▸ **Work to be completed**:
Could you set down exactly the lines of the data below, starting at the one that holds "9. car [901,597,983,659]" and ending at the one that holds "12. car [968,589,985,606]", both included, and only those?

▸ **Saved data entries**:
+--

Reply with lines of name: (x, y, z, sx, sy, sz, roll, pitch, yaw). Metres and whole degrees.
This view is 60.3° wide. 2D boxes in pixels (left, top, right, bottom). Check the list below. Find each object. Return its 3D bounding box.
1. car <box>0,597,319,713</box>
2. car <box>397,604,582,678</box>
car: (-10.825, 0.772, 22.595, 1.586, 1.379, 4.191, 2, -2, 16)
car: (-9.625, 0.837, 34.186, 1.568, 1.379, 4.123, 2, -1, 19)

+--

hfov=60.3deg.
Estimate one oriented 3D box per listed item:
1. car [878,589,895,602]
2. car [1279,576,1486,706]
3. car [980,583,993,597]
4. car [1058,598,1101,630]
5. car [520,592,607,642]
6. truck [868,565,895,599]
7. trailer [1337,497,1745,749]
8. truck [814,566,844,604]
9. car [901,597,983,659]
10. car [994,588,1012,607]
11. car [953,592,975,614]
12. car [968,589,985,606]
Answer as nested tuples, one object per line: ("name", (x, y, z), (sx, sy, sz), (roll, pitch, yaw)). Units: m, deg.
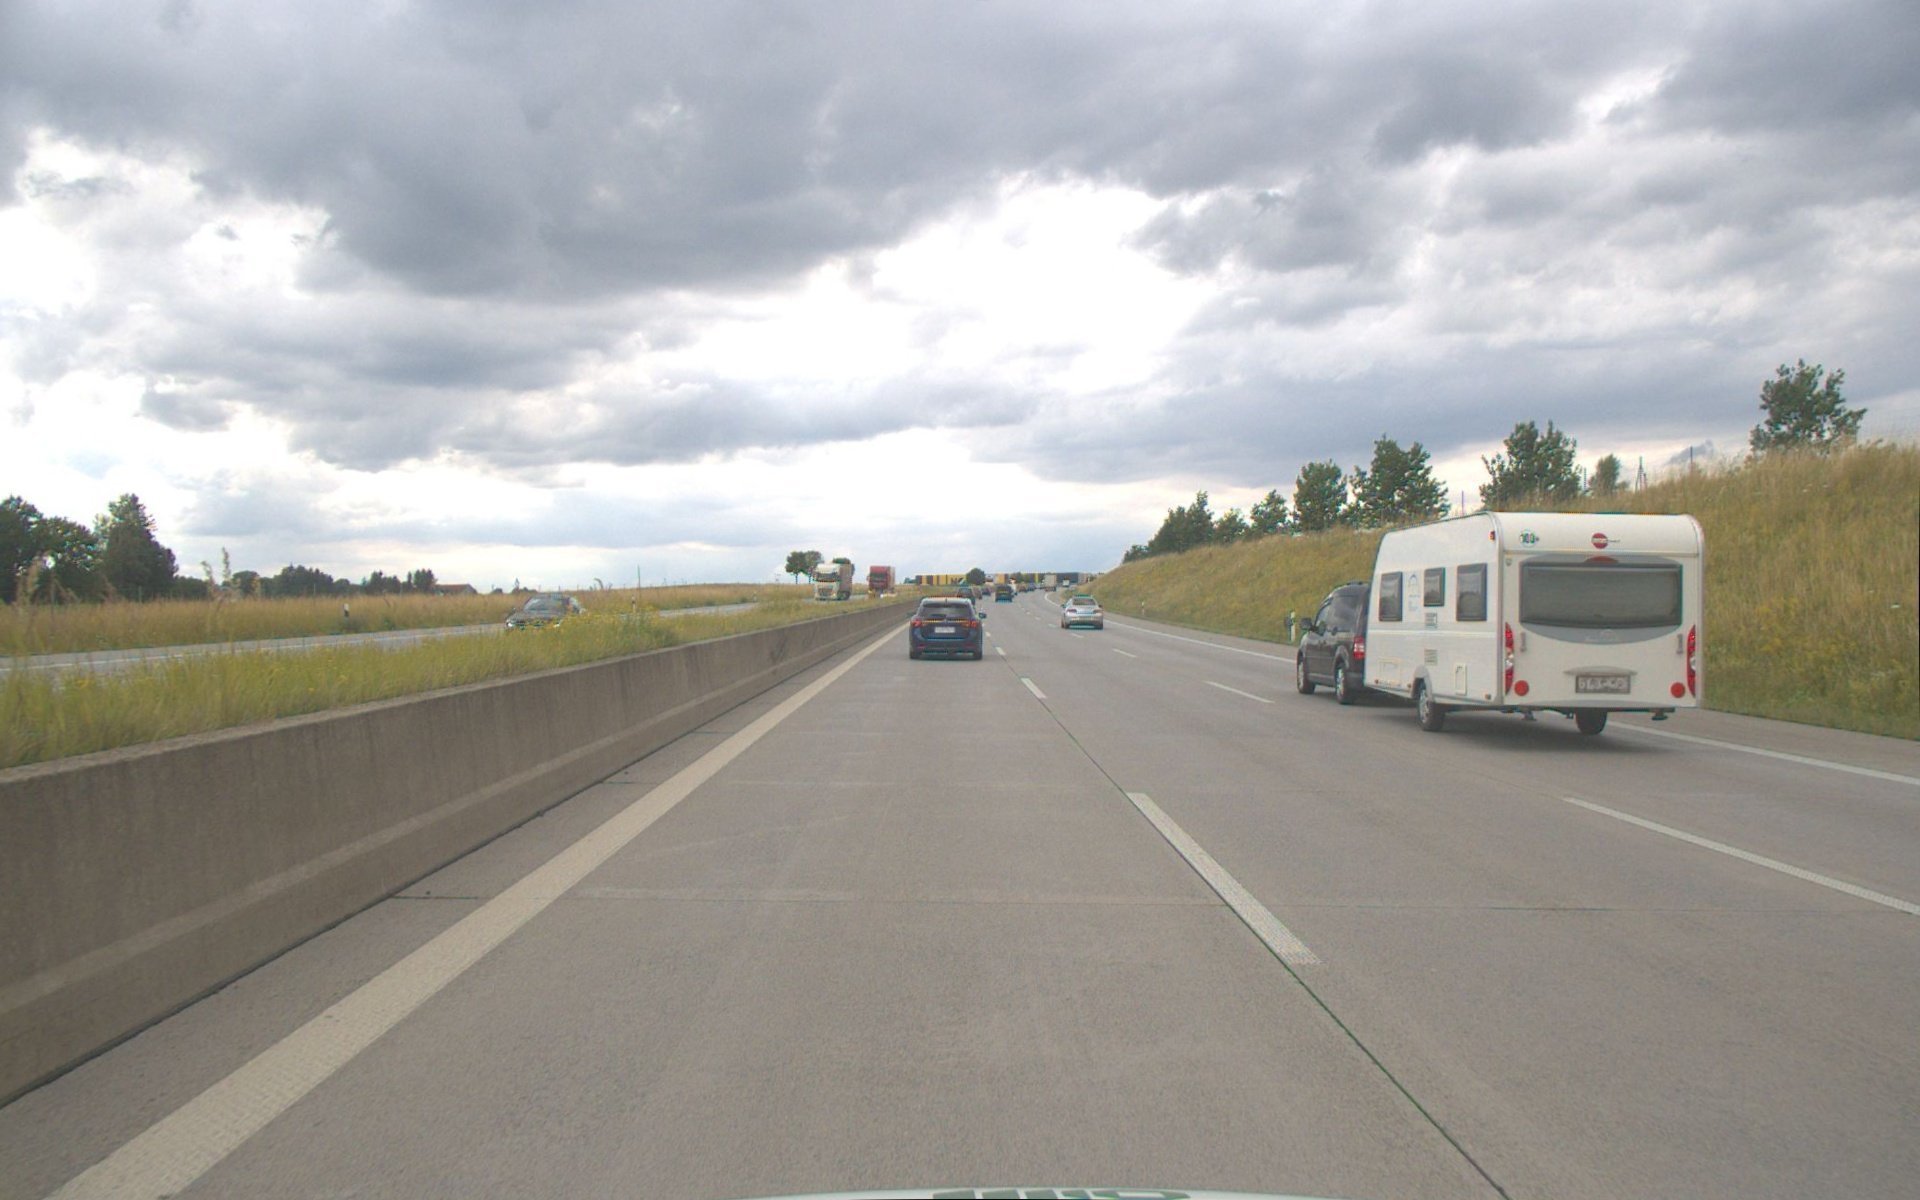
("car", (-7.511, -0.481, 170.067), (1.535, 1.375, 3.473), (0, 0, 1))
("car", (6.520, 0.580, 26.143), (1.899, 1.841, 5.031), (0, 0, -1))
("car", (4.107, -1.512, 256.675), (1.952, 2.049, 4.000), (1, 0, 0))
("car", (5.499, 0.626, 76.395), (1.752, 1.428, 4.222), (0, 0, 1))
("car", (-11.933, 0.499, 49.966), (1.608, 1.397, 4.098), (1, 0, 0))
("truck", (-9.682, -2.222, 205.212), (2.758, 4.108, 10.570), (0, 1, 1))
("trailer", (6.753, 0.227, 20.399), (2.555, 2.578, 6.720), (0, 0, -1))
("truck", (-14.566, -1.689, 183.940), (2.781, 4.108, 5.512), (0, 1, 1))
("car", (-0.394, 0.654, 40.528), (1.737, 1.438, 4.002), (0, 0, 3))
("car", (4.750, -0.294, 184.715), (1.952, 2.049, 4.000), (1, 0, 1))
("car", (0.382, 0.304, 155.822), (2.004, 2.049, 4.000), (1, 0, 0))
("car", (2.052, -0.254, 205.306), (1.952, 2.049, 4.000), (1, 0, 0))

+--

▸ **Task result**:
9. car [901,597,983,659]
10. car [994,588,1012,607]
11. car [953,592,975,614]
12. car [968,589,985,606]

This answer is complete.